On Mon, Oct 25, 2010 at 3:15 PM, Kevin Grittner
<Kevin(dot)Grittner(at)wicourts(dot)gov> wrote:
> Robert Haas <robertmhaas(at)gmail(dot)com> wrote:
>
>> rhaas=# create table concurrent (x integer primary key);
>> NOTICE:  CREATE TABLE / PRIMARY KEY will create implicit index
>> "concurrent_pkey" for table "concurrent"
>> CREATE TABLE
>> rhaas=# insert into x values (1);
>> rhaas=# begin;
>> BEGIN
>> rhaas=# insert into concurrent values (2);
>> INSERT 0 1
>>
>> <switch to a different window>
>>
>> rhaas=# update concurrent set x=x where x=2;
>> UPDATE 0
>
> That surprised me.  I would have thought that the INSERT would have
> created an "in doubt" tuple which would block the UPDATE.  What is
> the reason for not doing so?

This is just standard MVCC - readers don't block writers, nor writers
readers. You might also think about what would happen if the UPDATE
were run before the INSERT of (2). There's no serialization anomaly
here, because either concurrent case is equivalent to the serial
schedule where the update precedes the insert.

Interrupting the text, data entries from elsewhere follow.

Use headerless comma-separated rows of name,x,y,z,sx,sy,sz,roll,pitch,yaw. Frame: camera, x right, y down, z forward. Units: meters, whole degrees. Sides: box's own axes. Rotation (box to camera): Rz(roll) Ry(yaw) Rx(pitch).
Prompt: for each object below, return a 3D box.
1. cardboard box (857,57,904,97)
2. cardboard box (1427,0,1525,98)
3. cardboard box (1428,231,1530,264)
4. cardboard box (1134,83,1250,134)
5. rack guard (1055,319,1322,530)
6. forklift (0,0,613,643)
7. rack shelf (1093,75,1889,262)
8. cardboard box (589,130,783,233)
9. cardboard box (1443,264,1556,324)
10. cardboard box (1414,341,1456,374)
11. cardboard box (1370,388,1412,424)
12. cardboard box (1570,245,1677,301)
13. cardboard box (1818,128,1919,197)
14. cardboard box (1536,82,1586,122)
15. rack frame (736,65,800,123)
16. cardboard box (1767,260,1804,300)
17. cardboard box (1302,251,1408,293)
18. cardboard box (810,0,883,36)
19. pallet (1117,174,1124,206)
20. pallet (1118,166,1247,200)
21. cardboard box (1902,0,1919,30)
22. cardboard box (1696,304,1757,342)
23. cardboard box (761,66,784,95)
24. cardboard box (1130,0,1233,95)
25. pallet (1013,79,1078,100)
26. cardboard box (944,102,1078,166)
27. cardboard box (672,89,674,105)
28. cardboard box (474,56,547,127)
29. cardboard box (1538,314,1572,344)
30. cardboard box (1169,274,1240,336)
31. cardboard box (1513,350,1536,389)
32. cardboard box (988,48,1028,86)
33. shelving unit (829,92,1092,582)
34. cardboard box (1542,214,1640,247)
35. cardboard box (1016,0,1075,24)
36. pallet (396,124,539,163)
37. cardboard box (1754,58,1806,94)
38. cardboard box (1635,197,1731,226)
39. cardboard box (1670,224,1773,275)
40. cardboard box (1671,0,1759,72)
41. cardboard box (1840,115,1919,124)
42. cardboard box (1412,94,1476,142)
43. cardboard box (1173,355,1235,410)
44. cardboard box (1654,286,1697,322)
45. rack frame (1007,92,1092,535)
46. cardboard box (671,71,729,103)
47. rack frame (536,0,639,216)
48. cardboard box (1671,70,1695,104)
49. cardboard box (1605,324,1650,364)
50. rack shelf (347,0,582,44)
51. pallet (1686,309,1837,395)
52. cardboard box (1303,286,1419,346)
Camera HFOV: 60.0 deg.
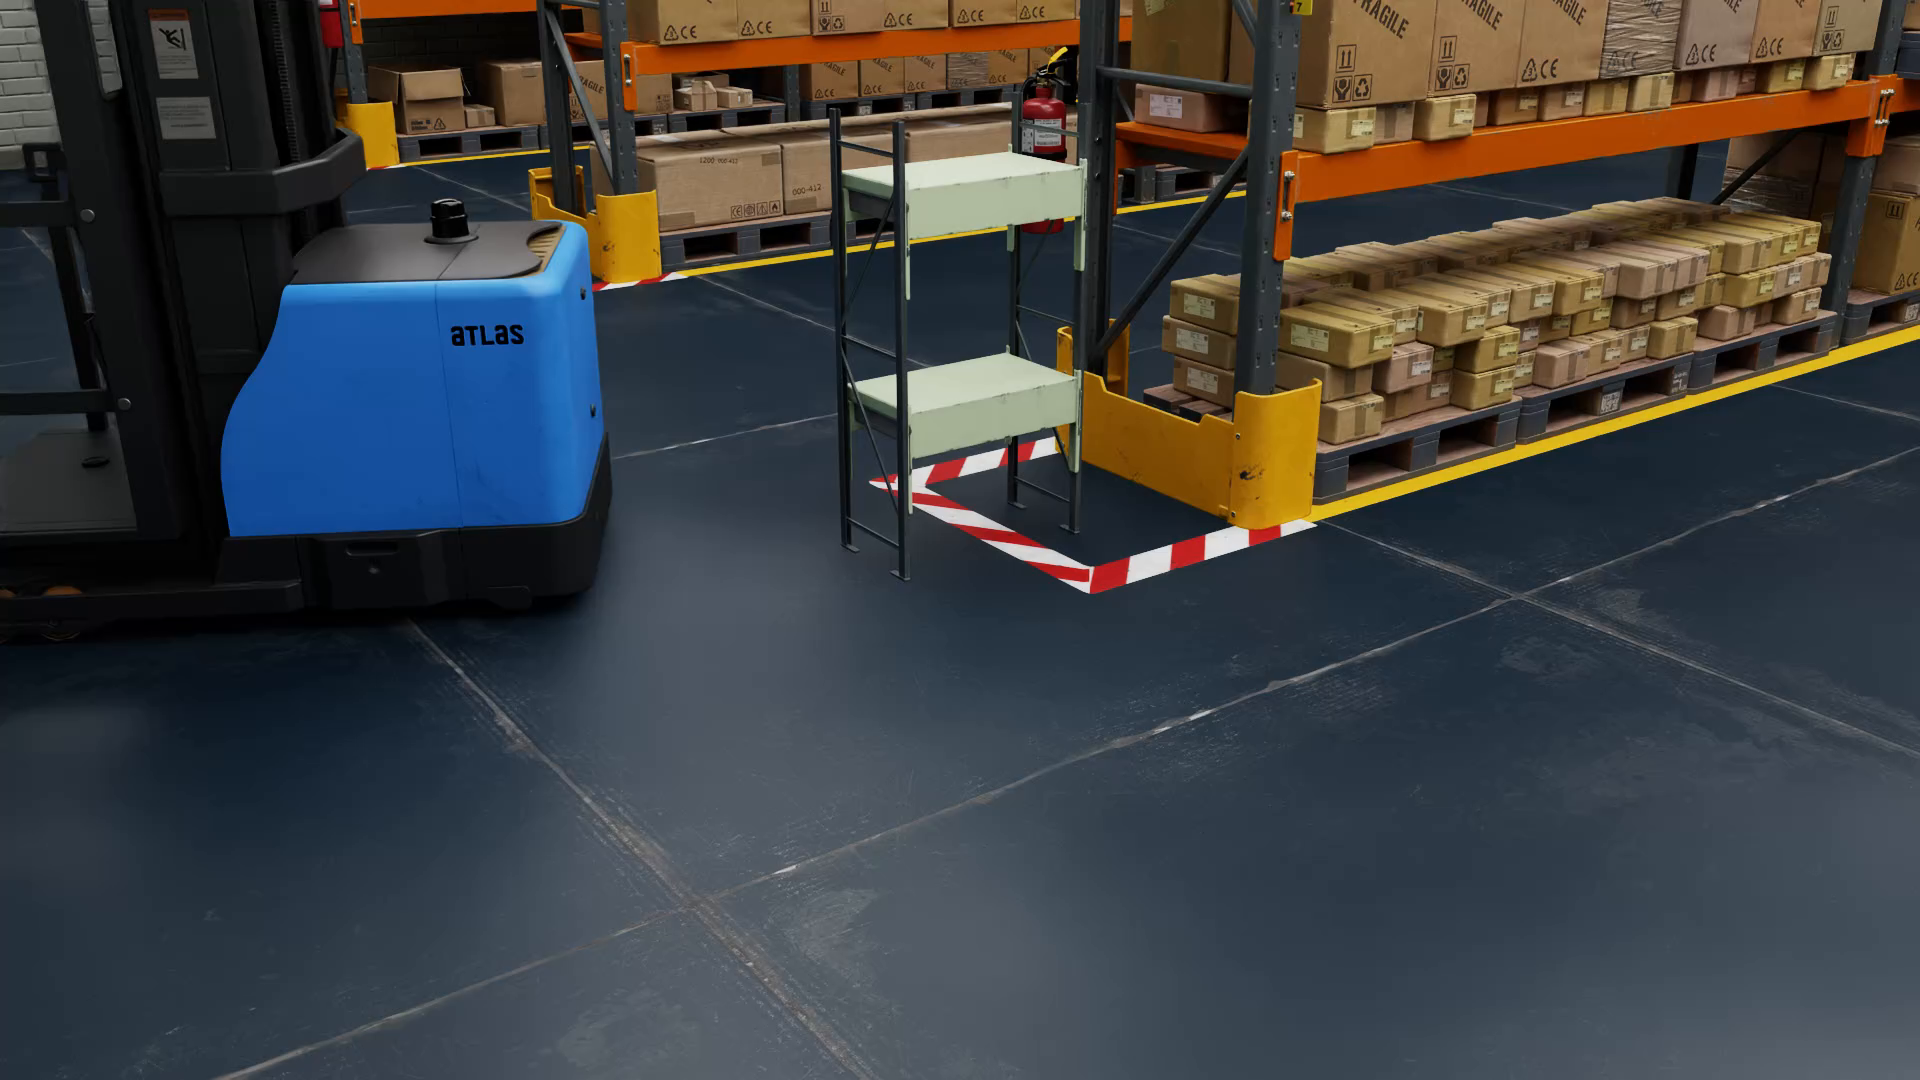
cardboard box,-0.894,-4.630,16.259,0.500,0.500,0.500,-15,26,-34
cardboard box,1.729,-1.937,6.168,0.500,0.500,0.500,-15,26,-33
cardboard box,2.346,-1.285,7.548,0.250,0.149,0.380,-15,26,-33
cardboard box,0.883,-1.654,6.333,0.250,0.149,0.380,-15,26,-33
rack guard,0.845,-0.471,6.401,0.348,0.500,1.175,-15,26,-33
forklift,-2.738,-1.220,5.085,3.031,2.867,1.129,-2,22,-6
rack shelf,2.407,-1.714,7.115,4.000,0.370,1.077,-15,26,-33
cardboard box,-1.712,-2.261,10.405,0.875,0.438,0.875,-16,27,-35
cardboard box,2.223,-1.021,6.886,0.250,0.149,0.380,-14,26,-31
cardboard box,1.761,-0.782,6.688,0.250,0.149,0.380,-15,26,-32
cardboard box,1.560,-0.585,6.594,0.250,0.149,0.380,-15,26,-33
cardboard box,2.878,-1.169,7.255,0.250,0.149,0.380,-16,27,-35
cardboard box,4.784,-1.944,8.515,0.500,0.250,0.500,-16,27,-35
cardboard box,2.251,-1.773,6.632,0.250,0.149,0.380,-16,27,-34
rack frame,-1.845,-5.441,15.484,0.127,3.000,1.000,-15,26,-33
cardboard box,3.748,-1.264,7.895,0.250,0.149,0.380,-16,27,-35
cardboard box,1.686,-1.122,7.137,0.250,0.149,0.380,-16,27,-35
cardboard box,-0.815,-3.369,10.157,0.500,0.500,0.500,-15,26,-33
pallet,0.394,-2.512,11.907,1.213,0.211,1.003,-15,26,-33
pallet,1.640,-2.843,12.736,1.213,0.211,1.003,-15,26,-33
cardboard box,4.619,-2.506,7.902,0.250,0.149,0.380,-16,27,-35
cardboard box,3.474,-1.057,7.778,0.250,0.149,0.380,-16,27,-35
cardboard box,-1.619,-4.670,16.359,0.500,0.500,0.500,-15,26,-33
cardboard box,0.998,-1.975,6.261,0.500,0.500,0.500,-14,26,-32
pallet,0.774,-4.861,17.794,1.213,0.211,1.003,-15,26,-33
cardboard box,0.485,-2.850,11.881,0.875,0.438,0.875,-15,26,-34
cardboard box,-2.871,-4.146,15.519,0.250,0.149,0.380,-15,26,-34
cardboard box,-3.823,-3.886,14.394,0.500,0.500,0.700,-14,26,-31
cardboard box,2.388,-0.962,7.140,0.250,0.149,0.380,-13,25,-30
cardboard box,1.065,-0.953,6.715,0.250,0.149,0.380,-15,26,-32
cardboard box,2.181,-0.747,7.000,0.250,0.149,0.380,-15,26,-33
cardboard box,0.349,-4.965,17.098,0.500,0.500,0.500,-14,25,-31
shelving unit,0.005,-0.698,5.622,0.755,1.500,0.431,-15,26,-33
cardboard box,2.996,-1.441,7.939,0.250,0.149,0.380,-16,27,-34
cardboard box,0.416,-3.704,10.998,0.500,0.500,0.500,-16,27,-34
pallet,-4.383,-3.469,14.306,1.213,0.211,1.003,-15,26,-33
cardboard box,3.538,-2.104,7.460,0.250,0.149,0.380,-14,26,-31
cardboard box,3.629,-1.616,8.376,0.250,0.149,0.380,-14,26,-31
cardboard box,3.511,-1.350,7.709,0.250,0.149,0.380,-15,26,-33
cardboard box,2.976,-2.257,6.968,0.500,0.500,0.500,-15,26,-33
cardboard box,4.912,-2.208,9.176,0.500,0.250,0.500,-14,25,-30
cardboard box,1.670,-1.580,6.147,0.250,0.149,0.380,-16,27,-34
cardboard box,1.089,-0.663,6.790,0.250,0.149,0.380,-14,26,-32
cardboard box,3.084,-1.115,7.522,0.250,0.149,0.380,-14,26,-32
rack frame,0.303,-0.777,5.821,0.023,1.500,0.400,-15,26,-33
cardboard box,-2.519,-4.315,15.724,0.500,0.311,0.500,-14,26,-31
rack frame,-2.190,-3.083,9.574,0.127,3.000,1.000,-15,26,-33
cardboard box,2.873,-1.948,7.071,0.250,0.149,0.380,-15,26,-34
cardboard box,2.820,-0.904,7.395,0.250,0.149,0.380,-14,26,-32
rack shelf,-3.468,-4.674,14.533,4.000,0.370,1.077,-15,26,-33
pallet,3.506,-1.030,8.193,1.213,0.211,1.003,-15,26,-33
cardboard box,1.560,-0.870,6.506,0.250,0.149,0.380,-14,26,-32

In the case of a MERGE that matches a just-inserted invisible tuple
but no visible tuple, things are a bit stickier. Let's suppose we're
trying to use MERGE to get UPSERT semantics. If the MERGE command has
the obvious behavior of ignoring the invisible tuple just as UPDATE or
DELETE would do, then clearly any equivalent serial schedule must run
the MERGE before the INSERT (because if it were run after the INSERT,
it would fire the MATCHED action rather than the NOT MATCHED action).
But if the merge were run before the INSERT, then the INSERT would
have failed with a unique key violation; instead, the merge fails with
a unique key violation. On the other hand, if the MERGE sees the
invisible tuple, essentially using SnapshotNow semantics, as Greg
Stark proposed, you get a different (and probably worse) class of
serialization anomalies. For example, suppose the table has rows
1-100 and you do an update adding 1000 to each value concurrently with
merging in the values 51-100. You might get something like this:

- MERGE scans rows 1-75, firing MATCHED for rows 51-75.
- UPDATE commits.
- MERGE scans rows 76-100, firing NOT MATCHED for each.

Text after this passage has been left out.